> **Data records**
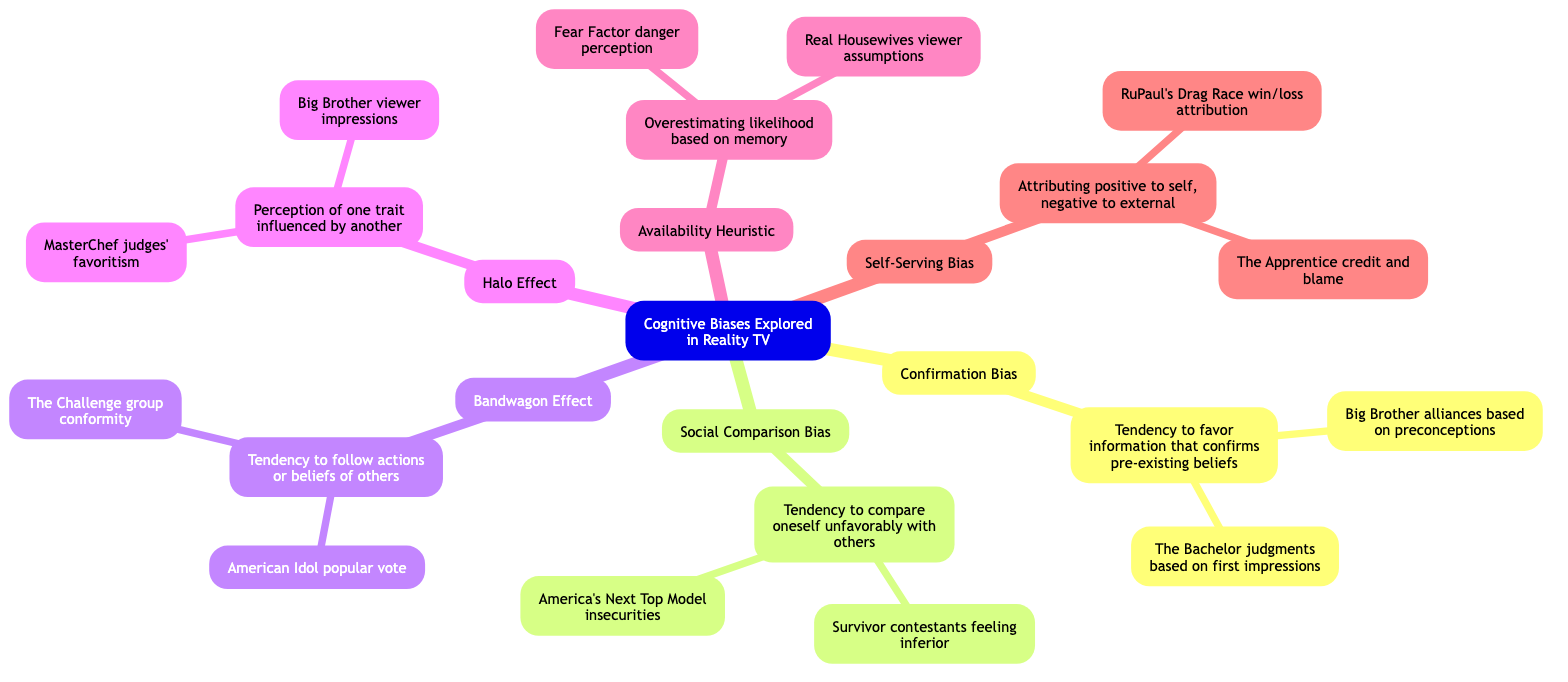What is the core topic of the mind map? The core topic is presented at the very center of the diagram, which summarizes the overall focus of the mind map.
Answer: Cognitive Biases Explored in Reality TV How many cognitive biases are explored in the mind map? By counting the subtopics listed underneath the core topic, we find there are six distinct cognitive biases presented.
Answer: 6 What is the definition of Confirmation Bias? The definition can be found directly under its subtopic, indicating the meaning of the bias as shown in the diagram.
Answer: Tendency to favor information that confirms pre-existing beliefs Provide one example of Social Comparison Bias from reality TV. There are several examples under the Social Comparison Bias subtopic; selecting one provides a direct instance related to the bias.
Answer: Contestants on "Survivor" feeling inferior to stronger players What connects the Bandwagon Effect to its definition in the mind map? The relationship is shown through a structured connection from the subtopic to its definition, illustrating how the bias is described.
Answer: Tendency to follow the actions or beliefs of others Which reality TV show illustrates the Halo Effect through judges' favoritism? The diagram explicitly states the particular show under the Halo Effect subtopic that details this example of bias.
Answer: MasterChef How does the Availability Heuristic relate to viewer assumptions on "Real Housewives"? This requires reasoning through the nodes to connect the definition of the Availability Heuristic with the specific example listed in the diagram.
Answer: Viewers assuming frequent arguments on "Real Housewives" reflect reality rather than production choices What type of bias involves attributing positive outcomes to oneself? The naming of the bias is outlined in the subtopic, from which its essence can be directly identified.
Answer: Self-Serving Bias Which cognitive bias would likely make viewers follow popular contestants on "American Idol"? By analyzing the description of the Bandwagon Effect, it is clear which bias encourages this behavior among viewers.
Answer: Bandwagon Effect 
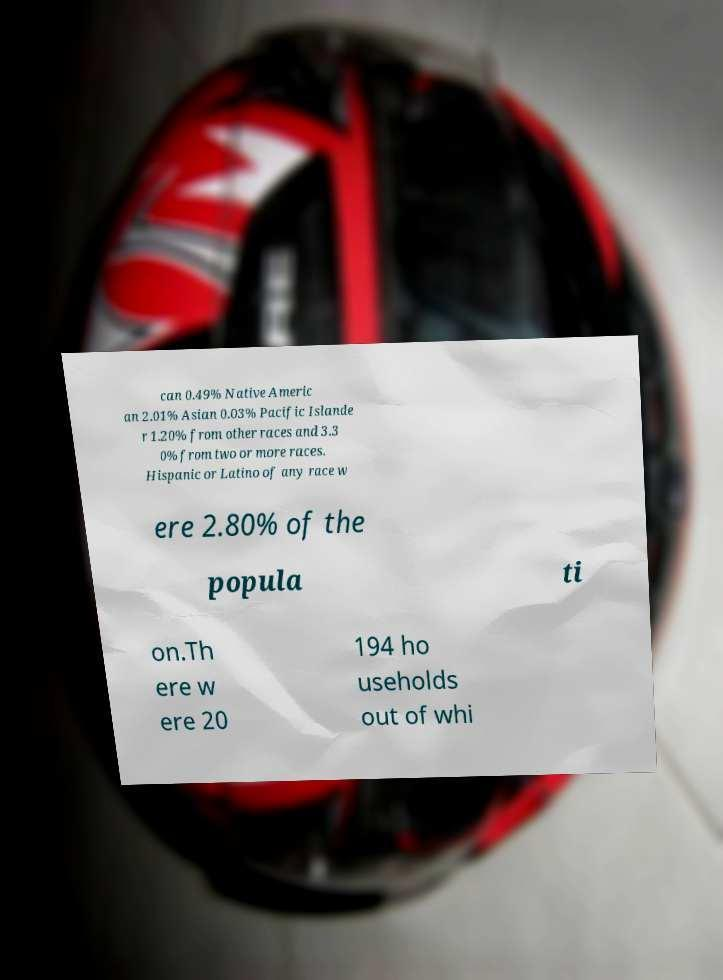Can you accurately transcribe the text from the provided image for me? can 0.49% Native Americ an 2.01% Asian 0.03% Pacific Islande r 1.20% from other races and 3.3 0% from two or more races. Hispanic or Latino of any race w ere 2.80% of the popula ti on.Th ere w ere 20 194 ho useholds out of whi 
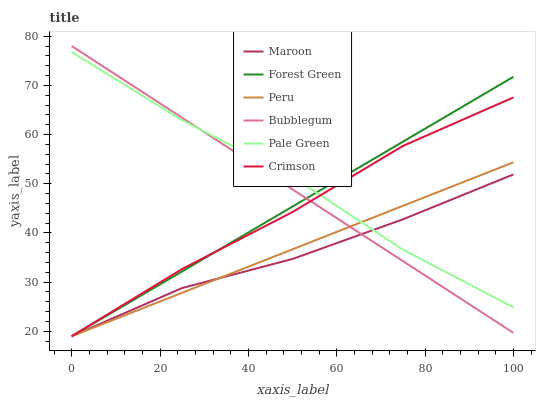Does Maroon have the minimum area under the curve?
Answer yes or no. Yes. Does Pale Green have the maximum area under the curve?
Answer yes or no. Yes. Does Forest Green have the minimum area under the curve?
Answer yes or no. No. Does Forest Green have the maximum area under the curve?
Answer yes or no. No. Is Peru the smoothest?
Answer yes or no. Yes. Is Pale Green the roughest?
Answer yes or no. Yes. Is Forest Green the smoothest?
Answer yes or no. No. Is Forest Green the roughest?
Answer yes or no. No. Does Forest Green have the lowest value?
Answer yes or no. Yes. Does Pale Green have the lowest value?
Answer yes or no. No. Does Bubblegum have the highest value?
Answer yes or no. Yes. Does Forest Green have the highest value?
Answer yes or no. No. Does Pale Green intersect Peru?
Answer yes or no. Yes. Is Pale Green less than Peru?
Answer yes or no. No. Is Pale Green greater than Peru?
Answer yes or no. No. 
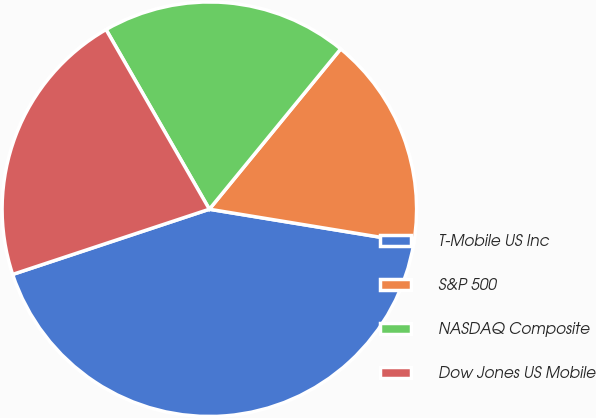<chart> <loc_0><loc_0><loc_500><loc_500><pie_chart><fcel>T-Mobile US Inc<fcel>S&P 500<fcel>NASDAQ Composite<fcel>Dow Jones US Mobile<nl><fcel>42.32%<fcel>16.66%<fcel>19.23%<fcel>21.79%<nl></chart>

> **Description of the task**
Across the listing above, count every line containing the string "Peru" and give the result with no comment.

> **Expected answer**
4